Your objective:
Copy out each line of the entries below in which the string "angles" appears.

◆ ◆ ◆

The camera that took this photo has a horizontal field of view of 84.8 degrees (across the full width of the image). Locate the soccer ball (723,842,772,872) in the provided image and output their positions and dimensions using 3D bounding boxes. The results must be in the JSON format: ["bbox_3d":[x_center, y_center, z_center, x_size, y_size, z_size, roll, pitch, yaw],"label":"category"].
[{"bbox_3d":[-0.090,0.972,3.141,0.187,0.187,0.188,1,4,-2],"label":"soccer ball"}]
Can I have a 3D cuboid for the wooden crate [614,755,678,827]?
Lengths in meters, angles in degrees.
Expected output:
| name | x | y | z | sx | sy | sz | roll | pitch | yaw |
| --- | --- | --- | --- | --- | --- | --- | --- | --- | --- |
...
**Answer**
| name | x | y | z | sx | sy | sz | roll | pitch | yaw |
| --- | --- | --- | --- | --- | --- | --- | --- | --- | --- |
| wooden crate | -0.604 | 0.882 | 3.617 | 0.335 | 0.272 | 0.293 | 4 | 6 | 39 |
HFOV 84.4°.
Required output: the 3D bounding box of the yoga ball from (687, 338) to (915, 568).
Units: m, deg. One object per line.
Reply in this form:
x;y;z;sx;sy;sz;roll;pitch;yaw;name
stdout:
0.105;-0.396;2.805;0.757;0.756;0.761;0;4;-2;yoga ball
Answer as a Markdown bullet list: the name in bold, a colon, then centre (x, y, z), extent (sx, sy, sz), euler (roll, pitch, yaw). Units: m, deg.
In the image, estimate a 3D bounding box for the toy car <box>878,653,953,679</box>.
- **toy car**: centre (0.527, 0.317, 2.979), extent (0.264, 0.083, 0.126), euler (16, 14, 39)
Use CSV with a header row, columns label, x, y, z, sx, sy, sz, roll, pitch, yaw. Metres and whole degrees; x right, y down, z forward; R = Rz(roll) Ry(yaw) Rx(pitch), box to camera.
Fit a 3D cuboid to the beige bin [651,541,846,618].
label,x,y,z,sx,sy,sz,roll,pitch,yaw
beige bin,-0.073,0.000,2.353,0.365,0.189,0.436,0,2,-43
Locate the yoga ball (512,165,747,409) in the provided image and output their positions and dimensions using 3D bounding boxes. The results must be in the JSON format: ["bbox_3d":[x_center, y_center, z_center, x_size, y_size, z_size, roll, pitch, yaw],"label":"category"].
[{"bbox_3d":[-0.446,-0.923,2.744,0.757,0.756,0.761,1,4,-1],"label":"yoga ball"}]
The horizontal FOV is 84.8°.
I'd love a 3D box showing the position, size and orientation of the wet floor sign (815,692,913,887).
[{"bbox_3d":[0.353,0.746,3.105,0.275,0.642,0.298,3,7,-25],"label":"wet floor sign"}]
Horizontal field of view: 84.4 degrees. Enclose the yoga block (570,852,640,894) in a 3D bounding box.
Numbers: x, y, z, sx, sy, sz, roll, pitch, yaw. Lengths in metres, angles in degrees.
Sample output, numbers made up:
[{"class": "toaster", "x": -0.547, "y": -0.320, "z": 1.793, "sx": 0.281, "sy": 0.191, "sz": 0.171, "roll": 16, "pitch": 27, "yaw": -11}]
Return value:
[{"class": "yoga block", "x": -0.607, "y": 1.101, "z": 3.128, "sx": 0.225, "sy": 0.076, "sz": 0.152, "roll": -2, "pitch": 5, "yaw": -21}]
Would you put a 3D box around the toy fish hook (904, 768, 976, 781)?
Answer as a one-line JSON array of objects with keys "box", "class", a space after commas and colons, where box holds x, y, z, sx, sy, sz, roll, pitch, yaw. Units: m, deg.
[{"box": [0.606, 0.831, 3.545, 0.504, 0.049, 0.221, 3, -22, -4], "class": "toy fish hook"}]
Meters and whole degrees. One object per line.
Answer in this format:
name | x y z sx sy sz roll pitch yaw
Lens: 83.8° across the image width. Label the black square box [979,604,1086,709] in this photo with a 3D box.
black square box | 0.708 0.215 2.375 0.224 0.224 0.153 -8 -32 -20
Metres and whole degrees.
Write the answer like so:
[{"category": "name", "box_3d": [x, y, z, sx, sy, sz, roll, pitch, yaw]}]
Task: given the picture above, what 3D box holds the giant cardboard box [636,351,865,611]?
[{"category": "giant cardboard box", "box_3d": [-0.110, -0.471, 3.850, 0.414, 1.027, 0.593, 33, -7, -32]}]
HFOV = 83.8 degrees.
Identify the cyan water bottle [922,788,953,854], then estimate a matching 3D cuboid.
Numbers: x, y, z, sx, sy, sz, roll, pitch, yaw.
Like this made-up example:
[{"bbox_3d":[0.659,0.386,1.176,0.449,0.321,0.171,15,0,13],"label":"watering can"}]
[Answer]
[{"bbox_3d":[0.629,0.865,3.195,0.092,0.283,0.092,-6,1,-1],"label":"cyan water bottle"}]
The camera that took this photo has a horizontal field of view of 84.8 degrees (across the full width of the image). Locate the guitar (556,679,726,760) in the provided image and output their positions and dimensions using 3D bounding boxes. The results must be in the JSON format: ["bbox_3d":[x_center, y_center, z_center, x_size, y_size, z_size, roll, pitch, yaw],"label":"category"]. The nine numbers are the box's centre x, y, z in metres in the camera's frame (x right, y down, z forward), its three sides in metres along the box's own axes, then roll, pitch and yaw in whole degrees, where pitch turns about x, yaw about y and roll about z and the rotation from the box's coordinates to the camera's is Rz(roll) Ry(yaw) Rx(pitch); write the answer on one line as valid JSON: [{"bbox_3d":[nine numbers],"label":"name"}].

◆ ◆ ◆

Output for this exercise:
Lengths in meters, angles in degrees.
Numbers: x, y, z, sx, sy, sz, roll, pitch, yaw. Lengths in metres, angles in degrees.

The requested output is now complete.